• [WHAT YOU ARE ASKED TO DO] What follows is a set of entries. Give them again exactly, without the pictures.

START SOURCE INFORMATION

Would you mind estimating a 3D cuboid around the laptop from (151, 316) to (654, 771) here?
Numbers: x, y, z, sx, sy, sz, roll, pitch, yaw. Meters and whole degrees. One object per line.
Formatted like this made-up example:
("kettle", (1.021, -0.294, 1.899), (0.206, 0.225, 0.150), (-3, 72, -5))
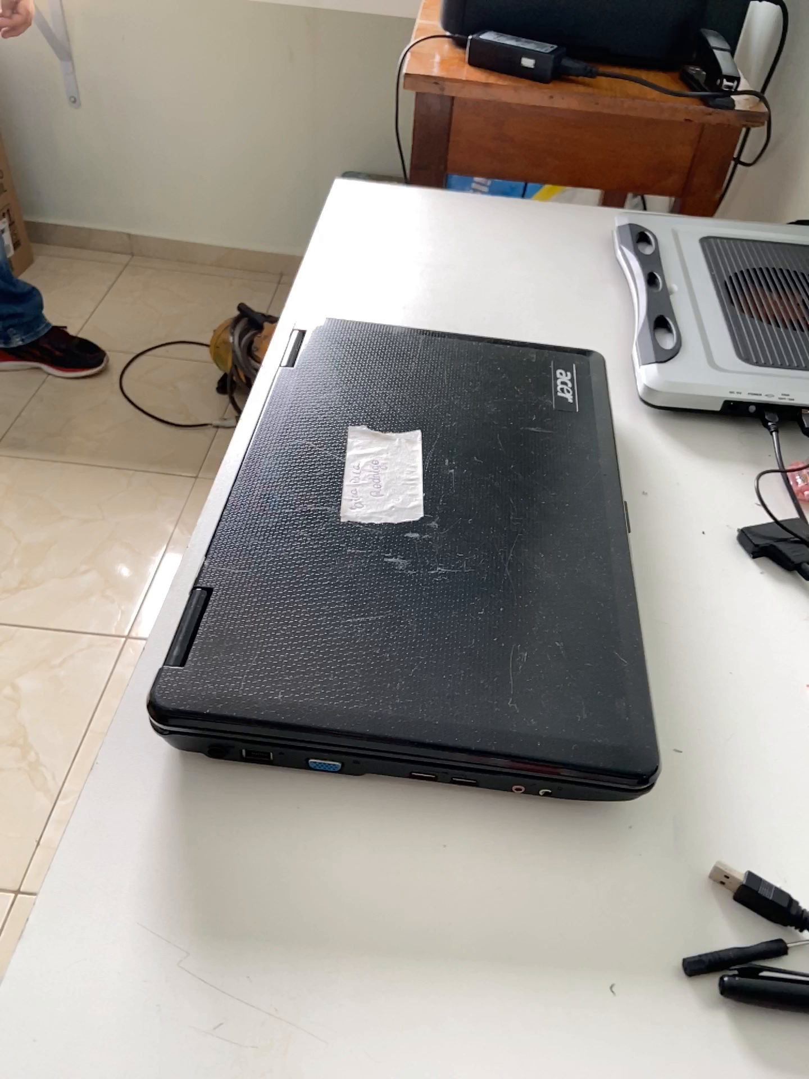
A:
("laptop", (0.018, -0.033, 0.520), (0.238, 0.005, 0.358), (8, 44, 1))
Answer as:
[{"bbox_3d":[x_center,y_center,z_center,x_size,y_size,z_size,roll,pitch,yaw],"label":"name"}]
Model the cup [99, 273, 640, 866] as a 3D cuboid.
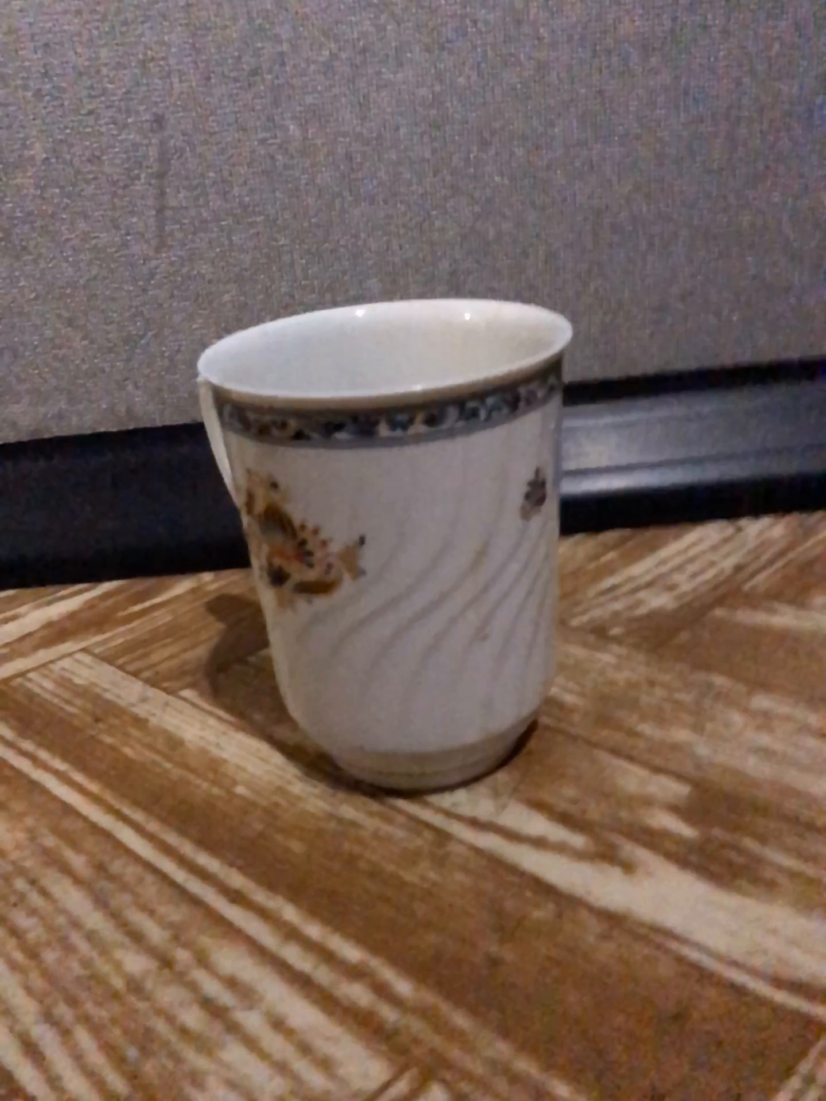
[{"bbox_3d":[-0.013,-0.009,0.234,0.077,0.099,0.119,-21,29,-28],"label":"cup"}]
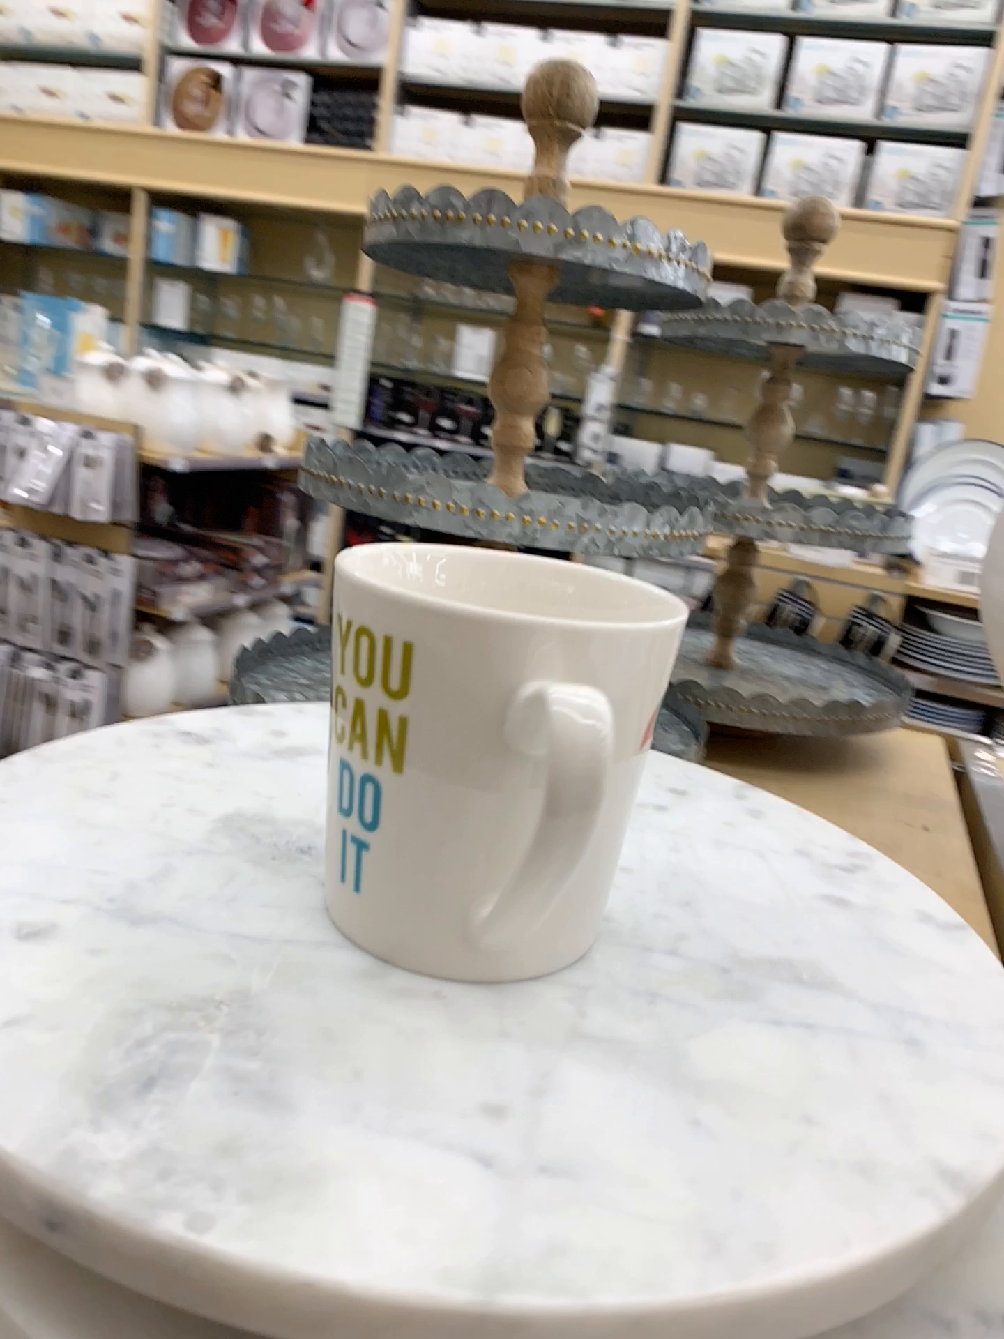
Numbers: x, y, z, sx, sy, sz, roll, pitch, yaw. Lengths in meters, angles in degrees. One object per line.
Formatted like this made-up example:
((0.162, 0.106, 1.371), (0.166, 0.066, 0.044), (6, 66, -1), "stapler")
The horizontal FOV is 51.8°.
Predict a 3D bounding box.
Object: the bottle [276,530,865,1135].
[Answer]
((0.002, 0.032, 0.293), (0.104, 0.107, 0.143), (4, 16, -20), "bottle")
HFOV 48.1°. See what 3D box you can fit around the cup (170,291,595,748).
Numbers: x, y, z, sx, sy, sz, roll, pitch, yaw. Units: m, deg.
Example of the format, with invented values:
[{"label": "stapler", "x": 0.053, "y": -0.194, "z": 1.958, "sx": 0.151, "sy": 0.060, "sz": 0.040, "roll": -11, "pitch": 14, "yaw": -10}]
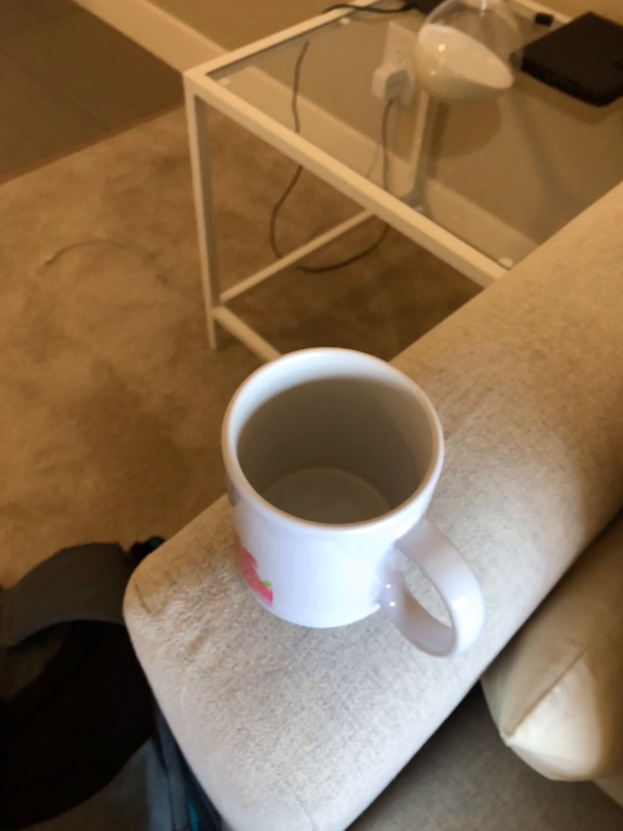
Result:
[{"label": "cup", "x": 0.018, "y": 0.039, "z": 0.269, "sx": 0.080, "sy": 0.100, "sz": 0.120, "roll": -32, "pitch": 61, "yaw": -24}]

END SOURCE INFORMATION

• [SOLUTION TO THE EXERCISE]
Would you mind estimating a 3D cuboid around the laptop from (151, 316) to (654, 771) here?
Numbers: x, y, z, sx, sy, sz, roll, pitch, yaw. Meters and whole degrees. One object per line.
Formatted like this made-up example:
("kettle", (1.021, -0.294, 1.899), (0.206, 0.225, 0.150), (-3, 72, -5))
A:
("laptop", (0.018, -0.033, 0.520), (0.238, 0.005, 0.358), (8, 44, 1))
Answer as:
[{"bbox_3d":[x_center,y_center,z_center,x_size,y_size,z_size,roll,pitch,yaw],"label":"name"}]
Model the cup [99, 273, 640, 866] as a 3D cuboid.
[{"bbox_3d":[-0.013,-0.009,0.234,0.077,0.099,0.119,-21,29,-28],"label":"cup"}]
Numbers: x, y, z, sx, sy, sz, roll, pitch, yaw. Lengths in meters, angles in degrees. One object per line.
Formatted like this made-up example:
((0.162, 0.106, 1.371), (0.166, 0.066, 0.044), (6, 66, -1), "stapler")
The horizontal FOV is 51.8°.
Predict a 3D bounding box.
Object: the bottle [276,530,865,1135].
[Answer]
((0.002, 0.032, 0.293), (0.104, 0.107, 0.143), (4, 16, -20), "bottle")
HFOV 48.1°. See what 3D box you can fit around the cup (170,291,595,748).
Numbers: x, y, z, sx, sy, sz, roll, pitch, yaw. Units: m, deg.
Example of the format, with invented values:
[{"label": "stapler", "x": 0.053, "y": -0.194, "z": 1.958, "sx": 0.151, "sy": 0.060, "sz": 0.040, "roll": -11, "pitch": 14, "yaw": -10}]
Result:
[{"label": "cup", "x": 0.018, "y": 0.039, "z": 0.269, "sx": 0.080, "sy": 0.100, "sz": 0.120, "roll": -32, "pitch": 61, "yaw": -24}]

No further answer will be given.